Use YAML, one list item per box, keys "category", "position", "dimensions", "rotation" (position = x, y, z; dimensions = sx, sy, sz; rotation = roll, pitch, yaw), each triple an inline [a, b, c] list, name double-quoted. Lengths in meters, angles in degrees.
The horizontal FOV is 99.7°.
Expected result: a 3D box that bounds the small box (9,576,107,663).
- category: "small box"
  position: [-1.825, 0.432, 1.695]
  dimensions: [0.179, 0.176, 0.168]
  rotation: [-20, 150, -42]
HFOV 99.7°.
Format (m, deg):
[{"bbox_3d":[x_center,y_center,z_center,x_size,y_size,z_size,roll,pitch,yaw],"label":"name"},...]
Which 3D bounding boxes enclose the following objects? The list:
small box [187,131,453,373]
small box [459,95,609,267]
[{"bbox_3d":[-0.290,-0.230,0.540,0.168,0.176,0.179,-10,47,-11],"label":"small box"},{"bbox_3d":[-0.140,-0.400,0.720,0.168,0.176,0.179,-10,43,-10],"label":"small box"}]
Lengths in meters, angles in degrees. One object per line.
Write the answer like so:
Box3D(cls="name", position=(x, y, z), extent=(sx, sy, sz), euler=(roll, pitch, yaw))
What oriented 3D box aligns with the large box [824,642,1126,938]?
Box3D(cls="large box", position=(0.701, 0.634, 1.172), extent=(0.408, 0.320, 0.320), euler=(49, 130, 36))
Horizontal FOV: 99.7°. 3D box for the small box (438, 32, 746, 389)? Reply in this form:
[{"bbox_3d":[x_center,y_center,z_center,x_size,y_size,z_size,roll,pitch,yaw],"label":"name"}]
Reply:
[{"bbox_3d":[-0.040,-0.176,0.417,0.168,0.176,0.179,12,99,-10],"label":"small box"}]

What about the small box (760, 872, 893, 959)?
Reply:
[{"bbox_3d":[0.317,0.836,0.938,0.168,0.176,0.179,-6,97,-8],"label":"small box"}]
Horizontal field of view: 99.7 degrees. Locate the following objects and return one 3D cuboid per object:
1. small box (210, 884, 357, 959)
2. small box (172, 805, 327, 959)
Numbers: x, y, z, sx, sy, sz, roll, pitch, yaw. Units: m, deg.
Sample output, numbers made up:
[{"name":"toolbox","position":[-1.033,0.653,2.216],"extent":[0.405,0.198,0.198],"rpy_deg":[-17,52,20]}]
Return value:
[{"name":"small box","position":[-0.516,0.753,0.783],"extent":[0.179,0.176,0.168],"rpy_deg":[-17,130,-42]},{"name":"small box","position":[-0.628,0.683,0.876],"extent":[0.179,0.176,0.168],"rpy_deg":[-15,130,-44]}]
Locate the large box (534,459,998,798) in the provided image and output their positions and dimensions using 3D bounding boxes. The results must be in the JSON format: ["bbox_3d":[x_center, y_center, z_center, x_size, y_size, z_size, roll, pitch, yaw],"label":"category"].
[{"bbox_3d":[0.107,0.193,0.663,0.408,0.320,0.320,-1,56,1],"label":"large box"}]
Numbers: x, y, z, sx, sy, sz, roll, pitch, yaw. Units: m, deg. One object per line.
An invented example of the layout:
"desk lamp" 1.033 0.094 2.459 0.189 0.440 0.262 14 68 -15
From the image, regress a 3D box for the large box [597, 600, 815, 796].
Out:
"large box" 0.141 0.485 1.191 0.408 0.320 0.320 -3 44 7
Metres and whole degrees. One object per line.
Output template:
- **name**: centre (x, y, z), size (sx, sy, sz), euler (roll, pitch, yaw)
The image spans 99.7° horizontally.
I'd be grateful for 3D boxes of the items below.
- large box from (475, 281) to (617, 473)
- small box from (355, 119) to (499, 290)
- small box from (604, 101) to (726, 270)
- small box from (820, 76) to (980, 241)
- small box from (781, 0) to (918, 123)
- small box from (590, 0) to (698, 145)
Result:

————

■ **What to work on**
Only the lines of the data holding the string "Units" are wanted; copy each of them.

■ **Response**
Numbers: x, y, z, sx, sy, sz, roll, pitch, yaw. Units: m, deg.
Numbers: x, y, z, sx, sy, sz, roll, pitch, yaw. Units: m, deg. One object per line.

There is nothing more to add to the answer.